Cost Forecasting Based on Historical Runs
Once you have a few weeks of cost data, you can forecast future spend based on usage patterns. This helps with budgeting and capacity planning.
function CostForecaster(allocator) {
this.allocator = allocator;
}
CostForecaster.prototype.forecast = function (daysAhead) {
var now = Date.now();
var sevenDaysAgo = now - (7 * 86400000);
var records = this.allocator.records.filter(function (r) {
return r.timestamp >= sevenDaysAgo;
});
if (records.length === 0) {
return { forecastedCost: 0, confidence: "low", message: "No historical data" };
}
var totalCost = records.reduce(function (sum, r) { return sum + r.cost; }, 0);
var daysCovered = (now - sevenDaysAgo) / 86400000;
var dailyAverage = totalCost / daysCovered;
// Calculate day-over-day growth rate
var dailyBuckets = {};
records.forEach(function (r) {
var day = new Date(r.timestamp).toISOString().split("T")[0];
if (!dailyBuckets[day]) dailyBuckets[day] = 0;
dailyBuckets[day] += r.cost;
});
var days = Object.keys(dailyBuckets).sort();
var growthRates = [];
for (var i = 1; i < days.length; i++) {
if (dailyBuckets[days[i - 1]] > 0) {
growthRates.push(dailyBuckets[days[i]] / dailyBuckets[days[i - 1]]);
}
}
var avgGrowthRate = growthRates.length > 0
? growthRates.reduce(function (s, r) { return s + r; }, 0) / growthRates.length
: 1.0;
var forecasted = 0;
var currentDaily = dailyAverage;
for (var d = 0; d < daysAhead; d++) {
forecasted += currentDaily;
currentDaily *= avgGrowthRate;
}
return {
forecastedCost: parseFloat(forecasted.toFixed(2)),
dailyAverage: parseFloat(dailyAverage.toFixed(2)),
growthRate: parseFloat(((avgGrowthRate - 1) * 100).toFixed(1)) + "%",
confidence: days.length >= 5 ? "medium" : "low",
daysAhead: daysAhead
};
};
Forecasting is imprecise, especially when agent usage is growing rapidly. Treat forecasts as directional guidance, not precise predictions. The value is in catching trends early. If your daily average is growing 20% week over week, you need to either optimize costs or increase your budget before it becomes a problem.
Comparing Agent Cost vs.

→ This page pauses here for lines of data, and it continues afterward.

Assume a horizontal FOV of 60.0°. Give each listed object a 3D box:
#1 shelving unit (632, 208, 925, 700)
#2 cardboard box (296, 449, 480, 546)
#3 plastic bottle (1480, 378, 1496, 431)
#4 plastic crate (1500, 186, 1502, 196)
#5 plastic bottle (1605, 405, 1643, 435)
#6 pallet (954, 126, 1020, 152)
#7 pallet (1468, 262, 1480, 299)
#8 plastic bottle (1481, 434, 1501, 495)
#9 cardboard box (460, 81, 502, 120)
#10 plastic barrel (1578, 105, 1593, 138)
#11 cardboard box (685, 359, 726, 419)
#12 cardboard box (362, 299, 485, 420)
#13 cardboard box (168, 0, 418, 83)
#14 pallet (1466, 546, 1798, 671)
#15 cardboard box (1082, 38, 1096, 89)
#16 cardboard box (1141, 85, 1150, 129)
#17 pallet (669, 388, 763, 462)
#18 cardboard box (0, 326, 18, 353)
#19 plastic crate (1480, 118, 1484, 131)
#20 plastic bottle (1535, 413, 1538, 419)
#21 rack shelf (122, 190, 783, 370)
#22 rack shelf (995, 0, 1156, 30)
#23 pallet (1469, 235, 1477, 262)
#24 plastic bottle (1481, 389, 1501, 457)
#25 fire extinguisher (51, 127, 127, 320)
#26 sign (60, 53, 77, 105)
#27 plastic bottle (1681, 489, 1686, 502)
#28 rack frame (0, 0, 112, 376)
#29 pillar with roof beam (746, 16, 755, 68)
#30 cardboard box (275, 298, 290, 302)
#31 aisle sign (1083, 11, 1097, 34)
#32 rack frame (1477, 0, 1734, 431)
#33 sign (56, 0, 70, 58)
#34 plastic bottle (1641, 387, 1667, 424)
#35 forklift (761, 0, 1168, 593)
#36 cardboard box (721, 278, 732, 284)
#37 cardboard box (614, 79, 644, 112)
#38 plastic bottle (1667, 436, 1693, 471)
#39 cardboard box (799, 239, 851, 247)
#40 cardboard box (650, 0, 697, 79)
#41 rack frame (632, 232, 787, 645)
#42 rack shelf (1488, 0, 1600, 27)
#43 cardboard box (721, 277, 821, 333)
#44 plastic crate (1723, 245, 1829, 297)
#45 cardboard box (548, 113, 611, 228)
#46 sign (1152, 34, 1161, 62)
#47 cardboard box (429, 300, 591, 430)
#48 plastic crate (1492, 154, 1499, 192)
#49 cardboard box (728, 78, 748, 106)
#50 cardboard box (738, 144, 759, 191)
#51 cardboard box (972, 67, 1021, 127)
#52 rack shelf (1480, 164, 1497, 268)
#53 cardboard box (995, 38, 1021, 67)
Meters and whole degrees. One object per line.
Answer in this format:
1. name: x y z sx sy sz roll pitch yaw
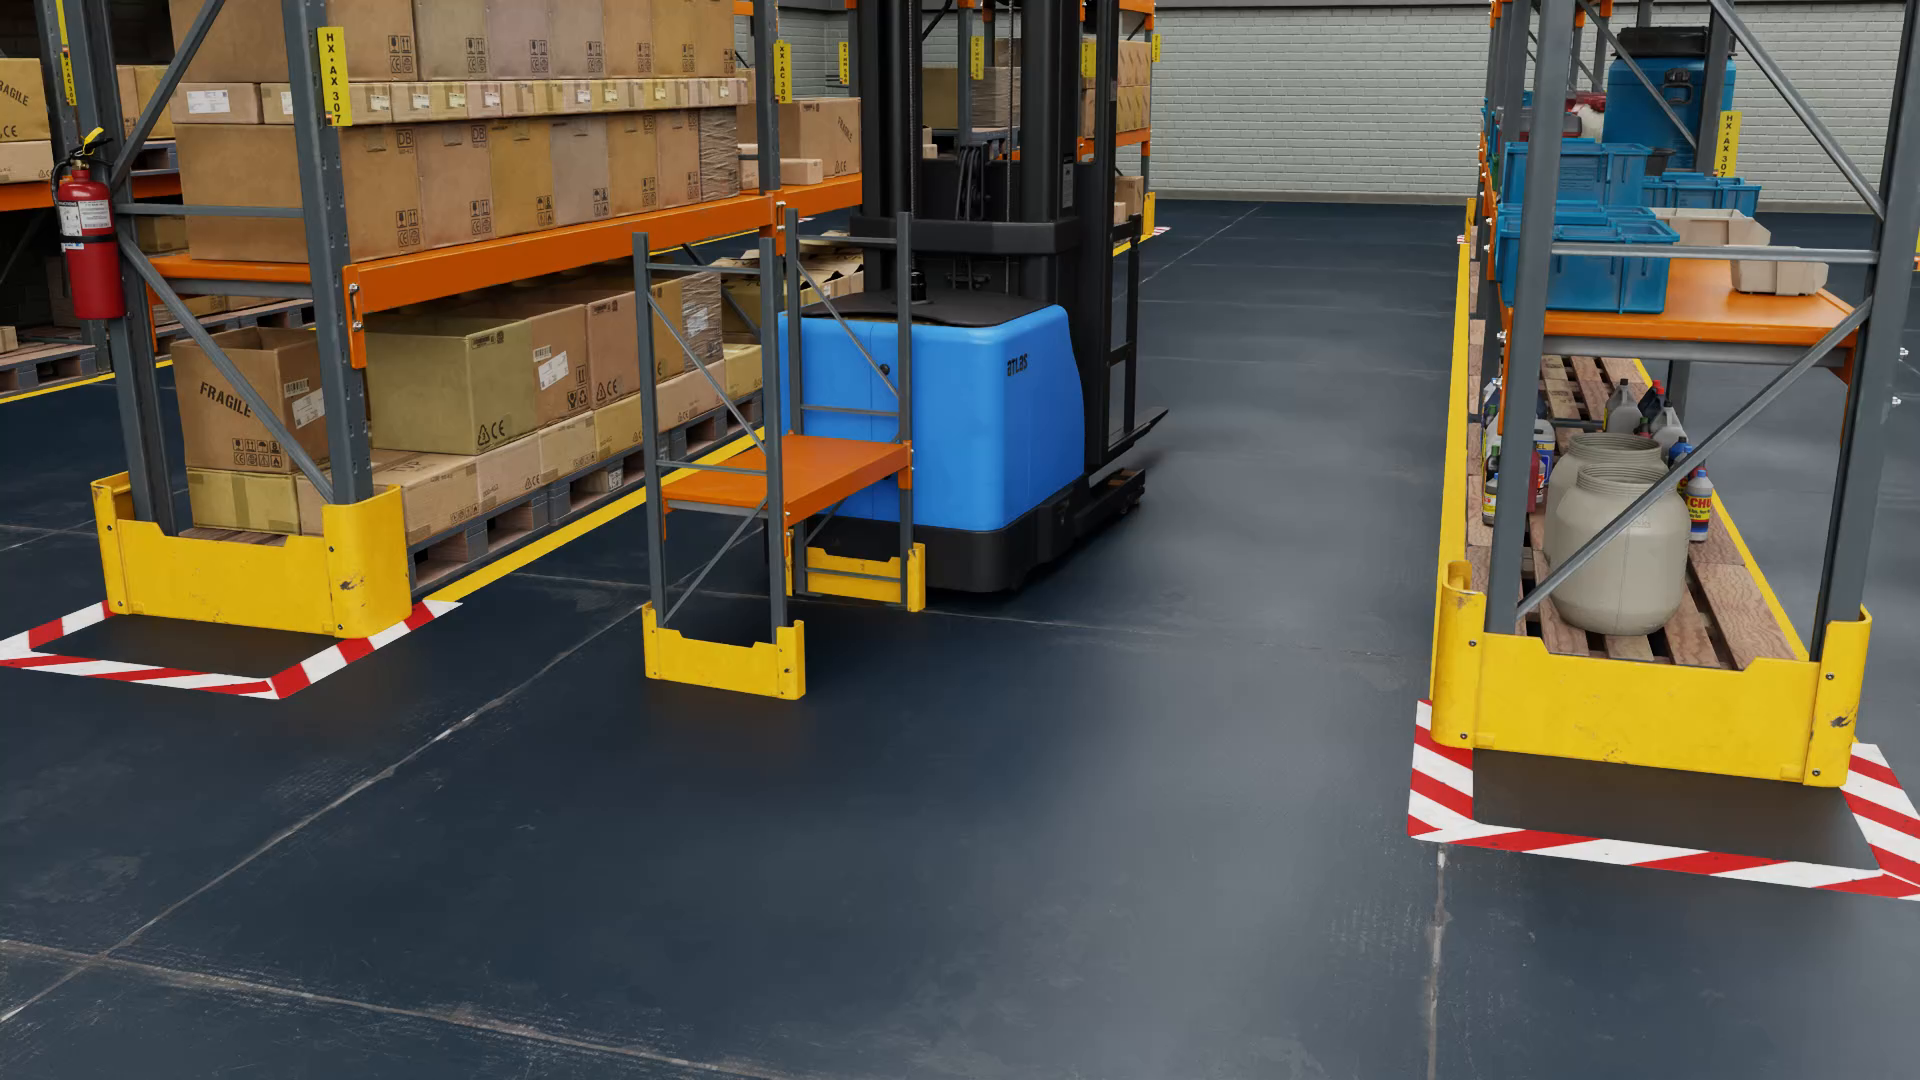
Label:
1. shelving unit: -0.605 -0.360 5.850 0.587 1.500 1.083 6 17 22
2. cardboard box: -2.304 -0.178 6.728 0.500 0.250 0.500 5 16 16
3. plastic bottle: 2.704 -0.686 8.446 0.097 0.271 0.097 0 16 0
4. plastic crate: 2.559 -1.402 7.162 0.450 0.188 0.662 5 16 16
5. plastic bottle: 3.105 -0.502 7.787 0.152 0.276 0.135 5 16 16
6. pallet: 0.152 -3.685 15.177 1.003 0.211 1.213 5 16 16
7. pallet: 5.229 -2.390 15.367 1.003 0.211 1.213 5 16 16
8. plastic bottle: 2.317 -0.306 7.097 0.152 0.276 0.135 4 16 14
9. cardboard box: -2.133 -1.822 6.883 0.380 0.149 0.250 4 16 15
10. plastic barrel: 4.144 -2.541 10.586 0.421 0.512 0.421 0 16 0
11. cardboard box: -1.607 -0.833 9.038 0.500 0.250 0.500 5 16 16
12. cardboard box: -2.533 -0.841 7.694 0.500 0.500 0.500 5 16 16
13. cardboard box: -2.510 -1.983 6.261 0.700 0.500 0.500 5 16 16
14. pallet: 2.291 0.316 5.830 1.003 0.211 1.213 5 16 16
15. cardboard box: 1.144 -4.945 17.252 0.500 0.500 0.500 5 17 17
16. cardboard box: 2.011 -5.271 20.233 0.500 0.500 0.500 5 17 18
17. pallet: -1.799 -0.676 9.324 1.003 0.211 1.213 5 16 16
18. cardboard box: -6.407 -1.311 10.842 0.380 0.166 0.250 2 16 9
19. plastic crate: 5.876 -4.584 18.368 0.250 0.136 0.298 5 16 16
20. plastic bottle: 2.662 -0.510 7.822 0.097 0.271 0.097 0 16 0
21. rack shelf: -2.101 -1.353 7.919 1.077 0.370 4.000 5 16 16
22. rack shelf: 1.309 -5.935 18.578 1.077 0.370 4.000 5 16 16
23. pallet: 6.005 -3.104 17.885 1.003 0.211 1.213 5 16 16
24. plastic bottle: 2.534 -0.546 7.804 0.144 0.351 0.185 4 16 14
25. fire extinguisher: -3.149 -1.143 6.005 0.296 0.674 0.183 5 16 16
26. sign: -5.761 -2.981 10.757 0.100 0.325 0.005 5 16 16
27. plastic bottle: 2.922 -0.133 6.623 0.097 0.201 0.097 0 16 0
28. rack frame: -6.284 -2.605 11.017 1.000 3.000 0.127 5 16 16
29. pillar with roof beam: 1.192 -9.070 22.817 9.100 9.000 0.400 5 16 16
30. cardboard box: -5.673 -2.210 13.399 0.700 0.500 0.500 5 16 16
31. aisle sign: 1.615 -6.653 20.523 0.394 0.787 0.004 5 16 16
32. rack frame: 3.215 -1.837 8.308 1.000 3.000 0.127 5 16 16
33. sign: -3.186 -1.892 5.947 0.100 0.325 0.005 5 16 16
34. plastic bottle: 3.254 -0.533 7.760 0.144 0.351 0.185 4 16 13
35. forklift: 0.239 -1.567 7.482 1.130 2.935 3.031 6 17 22
36. cardboard box: -1.693 -1.499 10.359 0.500 0.311 0.500 5 16 16
37. cardboard box: -1.767 -2.162 8.083 0.380 0.149 0.250 5 17 17
38. plastic bottle: 3.076 -0.308 7.113 0.097 0.271 0.097 0 16 0
39. cardboard box: -0.968 -2.165 12.707 0.500 0.311 0.500 4 16 14
40. cardboard box: -1.796 -2.645 8.598 0.700 0.500 0.500 5 16 16
41. rack frame: -0.802 -0.229 5.389 0.500 1.500 0.032 6 17 22
42. rack shelf: 6.057 -5.550 17.221 1.077 0.370 4.000 5 16 16
43. cardboard box: -1.177 -1.460 10.220 0.500 0.311 0.500 5 16 16
44. plastic crate: 2.641 -0.873 5.392 0.298 0.136 0.250 5 16 16
45. cardboard box: -2.088 -1.750 7.818 0.700 0.500 0.500 5 17 18
46. sign: 2.403 -6.022 20.363 0.100 0.325 0.005 5 16 16
47. cardboard box: -2.034 -0.801 7.552 0.500 0.500 0.500 5 16 16
48. plastic crate: 3.439 -2.212 10.020 0.450 0.188 0.662 5 16 16
49. cardboard box: -1.405 -2.494 9.254 0.380 0.149 0.250 5 16 16
50. cardboard box: -1.435 -2.282 10.152 0.500 0.250 0.500 6 17 19
51. cardboard box: 0.118 -3.916 14.687 0.700 0.500 0.500 8 18 26
52. rack shelf: 3.783 -2.014 10.251 1.077 0.370 4.000 5 16 16
53. cardboard box: 0.636 -4.996 17.432 0.500 0.500 0.500 5 17 16

Manual Human Cost
This is the calculation that justifies your agent system's existence. For every agent task, you should be able to estimate the equivalent human cost and demonstrate a positive ROI.

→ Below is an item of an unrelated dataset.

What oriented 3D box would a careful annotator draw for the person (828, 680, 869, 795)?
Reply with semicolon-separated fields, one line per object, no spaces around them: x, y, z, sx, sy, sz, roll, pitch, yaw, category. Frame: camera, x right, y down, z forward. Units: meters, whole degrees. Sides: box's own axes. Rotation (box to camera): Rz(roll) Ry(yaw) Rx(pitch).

function ROICalculator(options) {
this.avgEngineerHourlyCost = options.avgEngineerHourlyCost || 85;
this.overheadMultiplier = options.overheadMultiplier || 1.4;
}
ROICalculator.prototype.compare = function (agentCost, humanMinutes) {
var humanHours = humanMinutes / 60;
var humanCost = humanHours * this.avgEngineerHourlyCost * this.overheadMultiplier;
var savings = humanCost - agentCost;
var savingsPercent = humanCost > 0 ? (savings / humanCost) * 100 : 0;
return {
agentCost: parseFloat(agentCost.toFixed(4)),
humanCost: parseFloat(humanCost.toFixed(2)),
savings: parseFloat(savings.toFixed(2)),
savingsPercent: parseFloat(savingsPercent.toFixed(1)),
worthIt: savings > 0,
breakEvenMinutes: agentCost / (this.avgEngineerHourlyCost * this.overheadMultiplier / 60)
};
};
Be honest in these comparisons. Include the engineering time to build and maintain the agent system. Include the cost of debugging agent failures. A task that takes an agent $0.50 to perform but required $20,000 in engineering time to automate needs to run 40,000 times before it breaks even. Not every task is worth automating.
Implementing Cost Guardrails
Guardrails are hard limits that prevent catastrophic cost events. They operate at multiple levels: per-call, per-task, per-user, and system-wide.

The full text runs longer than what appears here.